= Archer Thompson Gurney =

British clergyman

Archer Thompson Gurney (1820–1887) was a Church of England clergyman and hymnodist.

==Life==
Archer Gurney was born at Tregony in Cornwall on 15 July 1820. His father, Richard Gurney, was vice-warden of the stannaries of Devon. Archer Thompson Gurney became a student of the Middle Temple on 29 April 1842, and was called to the bar, 8 May 1846. He was a Conservative candidate for the Lambeth constituency at the 1847 general election, but withdrew before the poll. His connection with the bar was of short duration, as in 1849 he was ordained to the curacy of Holy Trinity, Exeter. In 1851 he took charge of St Mary's, Crown Street, Soho, London, where he remained until 1854, when he obtained the senior curacy of Buckingham. He was appointed chaplain to the Court Chapel, Paris, in 1858, and resided in that city till 1871. After his return to England he served as evening lecturer of Holy Trinity Church, Westminster, from 1872 to 1874, as curate of Holy Trinity Chapel, Brighton, 1874–5, as curate in charge of St Andrew's, Hastings, 1877–8, assisted at St Katharine's Hospital, Regent's Park, London, 1879–80, was curate in charge of Rhayader, Radnorshire, 1880–1, and was curate in charge of Llangunider, Brecon, 1882–3. He afterwards resided at 7 Keble Terrace, Oxford, and died of disease of the kidneys at the Castle hotel, 4 Northgate Street, Bath, 21 March 1887.

He was known as a poet and a theologian, and his work entitled Words of Faith and Cheer, 1874, obtained a well-deserved popularity.

His daughter-in-law, Dorothy Frances Gurney, née Blomfield, married to his son Gerald, was also a hymn writer.

==Works==
He was the author or translator of the following:
1. Turandot, Princess of China, a drama from the German of Schiller, with alterations, 1836.
2. Faust, a Tragedy. Part the Second, 1842.
3. Alboin. A Play in 5 Acts, 1845 (unpublished ms in British Library)
4. King Charles the First, a dramatic poem, 1846.
5. Love's Legends, poems, 1845.
6. Poems, Spring, 1853.
7. March and April Ditties, 1853.
8. A Satire for the Age, The Transcendentalists, 1853; 2nd ed. 1855.
9. Songs of the Present, 1854; 3rd ed. 1856.
10. Iphigenia at Delphi, a tragedy, 1855; new ed. 1860.
11. The Ode of Peace, 1855.
12. Songs of Early Summer, 1856.
13. Absolution, its Use and Abuse, and Excommunication, 1858.
14. Poems, 1860.
15. Sermons Anglicans prononcés à Paris, 1860.
16. Restoration, or the Completion of the Reformation, 1861; 2nd ed. 1862.
17. A Letter of Entreaty to the Rev. Dr. Pusey, 1864.
18. Faith against Freethinkers, 1864.
19. On Recent Propositions and the Prospect of Reunion, a letter to the Bishop of Oxford, 1866.
20. Letter to a Friend on Obedience to Law, and to the Bishop, 1873.
21. Words of Faith and Cheer, a Mission of Instruction and Suggestion, 1874.
22. Parables and Meditations for Sundays and Holy-days, 1874.
23. First Principles in Church and State, 1875.

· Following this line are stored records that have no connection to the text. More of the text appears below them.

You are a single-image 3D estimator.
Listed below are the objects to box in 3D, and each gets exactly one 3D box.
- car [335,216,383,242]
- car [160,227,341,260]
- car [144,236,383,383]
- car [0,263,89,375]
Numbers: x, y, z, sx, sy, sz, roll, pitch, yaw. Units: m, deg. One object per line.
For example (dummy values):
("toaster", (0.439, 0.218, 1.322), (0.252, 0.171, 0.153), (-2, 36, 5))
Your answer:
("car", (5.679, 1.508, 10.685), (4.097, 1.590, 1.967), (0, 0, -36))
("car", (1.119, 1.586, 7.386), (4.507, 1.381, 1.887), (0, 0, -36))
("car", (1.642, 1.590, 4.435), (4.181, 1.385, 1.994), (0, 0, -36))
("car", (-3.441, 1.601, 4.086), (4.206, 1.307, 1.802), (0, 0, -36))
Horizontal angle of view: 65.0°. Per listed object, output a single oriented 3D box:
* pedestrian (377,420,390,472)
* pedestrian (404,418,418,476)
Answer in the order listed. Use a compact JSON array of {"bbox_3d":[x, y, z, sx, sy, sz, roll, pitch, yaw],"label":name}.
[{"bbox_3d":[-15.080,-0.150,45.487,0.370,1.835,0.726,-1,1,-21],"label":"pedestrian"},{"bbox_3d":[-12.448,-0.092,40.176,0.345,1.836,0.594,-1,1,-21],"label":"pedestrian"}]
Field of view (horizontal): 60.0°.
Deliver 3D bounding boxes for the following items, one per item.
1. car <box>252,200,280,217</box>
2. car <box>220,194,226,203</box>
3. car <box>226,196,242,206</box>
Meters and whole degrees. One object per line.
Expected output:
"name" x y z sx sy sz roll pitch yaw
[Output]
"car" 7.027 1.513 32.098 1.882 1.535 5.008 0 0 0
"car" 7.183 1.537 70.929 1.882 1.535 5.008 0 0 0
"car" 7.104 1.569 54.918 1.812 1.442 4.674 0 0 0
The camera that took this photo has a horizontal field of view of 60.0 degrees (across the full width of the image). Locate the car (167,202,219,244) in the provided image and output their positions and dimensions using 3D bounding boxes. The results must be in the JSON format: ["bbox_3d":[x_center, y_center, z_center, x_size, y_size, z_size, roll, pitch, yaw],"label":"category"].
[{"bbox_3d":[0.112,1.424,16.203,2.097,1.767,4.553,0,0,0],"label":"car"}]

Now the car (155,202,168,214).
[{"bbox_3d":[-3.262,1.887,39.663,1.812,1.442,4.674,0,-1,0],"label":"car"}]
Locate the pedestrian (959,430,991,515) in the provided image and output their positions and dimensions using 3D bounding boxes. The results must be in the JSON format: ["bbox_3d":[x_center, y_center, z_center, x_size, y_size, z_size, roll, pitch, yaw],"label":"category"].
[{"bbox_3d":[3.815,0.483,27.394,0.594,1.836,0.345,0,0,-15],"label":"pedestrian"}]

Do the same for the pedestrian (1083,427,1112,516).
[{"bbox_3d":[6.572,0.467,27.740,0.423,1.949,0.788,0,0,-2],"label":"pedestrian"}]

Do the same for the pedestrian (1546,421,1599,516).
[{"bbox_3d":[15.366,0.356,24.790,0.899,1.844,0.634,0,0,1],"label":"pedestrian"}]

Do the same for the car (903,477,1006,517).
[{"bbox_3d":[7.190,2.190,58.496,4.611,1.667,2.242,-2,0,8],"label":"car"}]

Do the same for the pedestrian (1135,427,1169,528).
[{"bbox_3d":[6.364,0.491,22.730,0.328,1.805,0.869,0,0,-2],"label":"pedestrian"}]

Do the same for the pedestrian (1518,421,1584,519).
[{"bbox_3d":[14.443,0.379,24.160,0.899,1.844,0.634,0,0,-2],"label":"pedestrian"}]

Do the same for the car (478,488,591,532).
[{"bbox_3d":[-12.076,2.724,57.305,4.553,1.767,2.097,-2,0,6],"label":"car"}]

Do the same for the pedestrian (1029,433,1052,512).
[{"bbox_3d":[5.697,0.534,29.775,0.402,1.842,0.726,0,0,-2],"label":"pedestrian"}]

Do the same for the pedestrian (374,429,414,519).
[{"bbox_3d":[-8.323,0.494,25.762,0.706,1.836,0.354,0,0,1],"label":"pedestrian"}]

He also wrote the words for Horsley's Gideon, an oratorio, 1859, several songs which were set to music, many hymns in Shipley's Lyra Eucharistica, 1864, and the hymn commencing Come ye lofty, come ye lowly in Philip Schaff's Christ in Song, 1870. He wrote in the Theologian, English Review, Fortnightly Review, Churchman's Family Magazine, Macmillan's Magazine and The Spectator.